16/17th-century Mapuche warrior and leader

Pelantaro or Pelantarú (/es/; from pelontraru) was one of the vice toquis of Paillamachu, the toqui or military leader of the Mapuche people during the Mapuche uprising in 1598. Pelantaro and his lieutenants Anganamon and Guaiquimilla were credited with the death of the second Spanish Governor of Chile, Martín García Óñez de Loyola, during the Battle of Curalaba on December 21, 1598.

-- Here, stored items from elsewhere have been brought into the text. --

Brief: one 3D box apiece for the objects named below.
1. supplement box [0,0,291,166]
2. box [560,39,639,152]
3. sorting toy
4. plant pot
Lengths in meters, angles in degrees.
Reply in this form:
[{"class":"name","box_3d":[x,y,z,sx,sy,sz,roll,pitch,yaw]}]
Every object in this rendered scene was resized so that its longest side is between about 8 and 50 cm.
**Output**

This provoked a general rising of the Mapuche and the other indigenous people associated with them. They succeeded in destroying all of the Spanish settlements south of the Bio-bio River and some to the north of it (Santa Cruz de Oñez and San Bartolomé de Chillán in 1599). After this actions, the following Governor, Alonso de Ribera, fixed a border and took the suggestions of the Jesuit Luis de Valdivia to fight a defensive war.

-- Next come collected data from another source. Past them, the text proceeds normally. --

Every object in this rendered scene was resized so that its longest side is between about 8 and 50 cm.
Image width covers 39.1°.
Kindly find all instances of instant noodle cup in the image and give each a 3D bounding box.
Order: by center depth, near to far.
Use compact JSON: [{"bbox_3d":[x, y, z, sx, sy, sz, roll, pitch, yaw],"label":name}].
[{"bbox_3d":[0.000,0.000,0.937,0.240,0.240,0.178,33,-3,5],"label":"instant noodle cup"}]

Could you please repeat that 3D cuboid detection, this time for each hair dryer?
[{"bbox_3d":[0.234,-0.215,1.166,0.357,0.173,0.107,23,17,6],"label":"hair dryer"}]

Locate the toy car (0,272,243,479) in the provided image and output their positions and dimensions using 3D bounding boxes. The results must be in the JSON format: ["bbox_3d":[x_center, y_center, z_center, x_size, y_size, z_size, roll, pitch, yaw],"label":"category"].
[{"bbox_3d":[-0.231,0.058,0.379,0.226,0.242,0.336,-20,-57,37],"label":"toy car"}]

At one point, Pelantaro had both the heads of Pedro de Valdivia and Martín Óñez de Loyola and used them as trophies and containers for chicha, a kind of alcohol. As a demonstration of peaceful intentions, he gave them up in 1608.

Pelantaro was captured in 1616 and held for a year and a half until after the death of the governor Alonso de Ribera. He was released by his successor Fernando Talaverano Gallegos in a vain attempt to establish a peace with the Mapuche.

==See also==
- Arauco War

== Sources ==
- Colección de documentos inéditos para la Historia de Chile, segunda serie, tomo VII, 1600–1606, Primer gobierno de Alonso de Rivera, publicadas por el Fondo Histórico y Bibliográfico de J. T. Medina, Santiago de Chile, 1982.
- Crescente Errázuriz, Seis años de la historia de Chile (23 de diciembre de 1598 – 9 de abril de 1605), Tomo I y II, Imprenta Nacional, 1882–1908.
- Alonso González de Nájera, Desengaño y reparo de la guerra de Chile, Editorial Andrés Bello, Santiago de Chile, 1971.
- Diego Ocaña, Viaje a Chile: relación del viaje a Chile, año de 1600, contenida en la crónica de viaje intitulada “A través de la América del Sur”, Colección Escritores Coloniales, Editorial Universitaria, 1era. Edición, Santiago de Chile, 1995.
- Alonso de Ovalle, Histórica relación del Reino de Chile y de las misiones y ministerios que ejercita en él la Compañía de Jesús ..., Reproducción digital de la edición de Roma, Francisco Caballo, 1646, Alicante : Biblioteca Virtual Miguel de Cervantes, 2007.